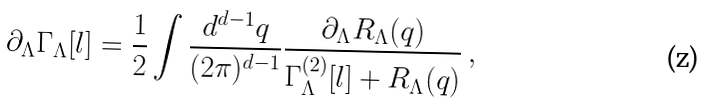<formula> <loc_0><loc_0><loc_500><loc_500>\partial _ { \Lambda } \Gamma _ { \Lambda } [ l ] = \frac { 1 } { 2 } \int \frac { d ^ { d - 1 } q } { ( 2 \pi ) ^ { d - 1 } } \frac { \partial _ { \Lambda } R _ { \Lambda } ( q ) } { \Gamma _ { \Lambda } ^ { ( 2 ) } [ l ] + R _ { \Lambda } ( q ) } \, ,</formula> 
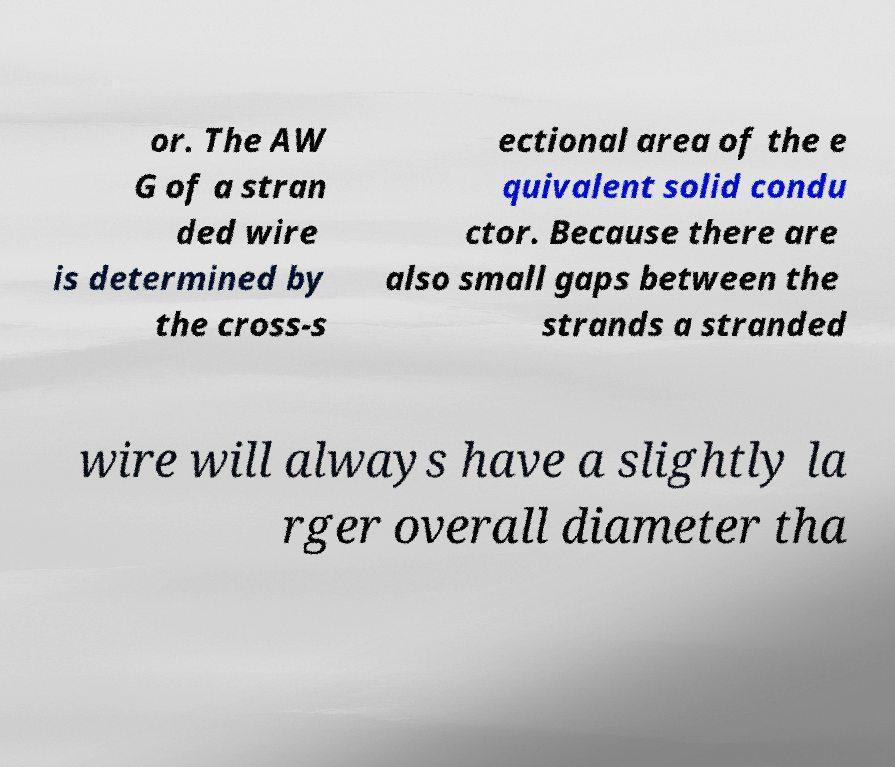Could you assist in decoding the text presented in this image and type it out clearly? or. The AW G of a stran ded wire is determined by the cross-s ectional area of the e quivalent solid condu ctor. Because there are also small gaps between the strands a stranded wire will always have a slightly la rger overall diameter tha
══════════════════════════════
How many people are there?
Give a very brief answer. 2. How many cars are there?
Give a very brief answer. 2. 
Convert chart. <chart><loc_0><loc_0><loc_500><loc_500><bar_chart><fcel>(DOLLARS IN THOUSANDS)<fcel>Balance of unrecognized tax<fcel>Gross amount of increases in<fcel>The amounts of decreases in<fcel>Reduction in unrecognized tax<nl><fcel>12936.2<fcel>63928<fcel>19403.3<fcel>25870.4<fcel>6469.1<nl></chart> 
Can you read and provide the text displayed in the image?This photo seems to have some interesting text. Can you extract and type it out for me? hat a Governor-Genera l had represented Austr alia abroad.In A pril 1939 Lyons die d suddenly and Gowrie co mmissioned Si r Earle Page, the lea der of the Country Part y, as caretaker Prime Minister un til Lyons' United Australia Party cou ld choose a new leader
══════════════════════════════
Aim of the exercise – Repeat exactly, and only, the entries from the line with "<formula> <loc_0><loc_0><loc_500><loc_500>\partial _" through the line with "Could you assist". Pictures are skipped.

Answer area –
<formula> <loc_0><loc_0><loc_500><loc_500>\partial _ { \Lambda } \Gamma _ { \Lambda } [ l ] = \frac { 1 } { 2 } \int \frac { d ^ { d - 1 } q } { ( 2 \pi ) ^ { d - 1 } } \frac { \partial _ { \Lambda } R _ { \Lambda } ( q ) } { \Gamma _ { \Lambda } ^ { ( 2 ) } [ l ] + R _ { \Lambda } ( q ) } \, ,</formula> 
Could you assist in decoding the text presented in this image and type it out clearly? or. The AW G of a stran ded wire is determined by the cross-s ectional area of the e quivalent solid condu ctor. Because there are also small gaps between the strands a stranded wire will always have a slightly la rger overall diameter tha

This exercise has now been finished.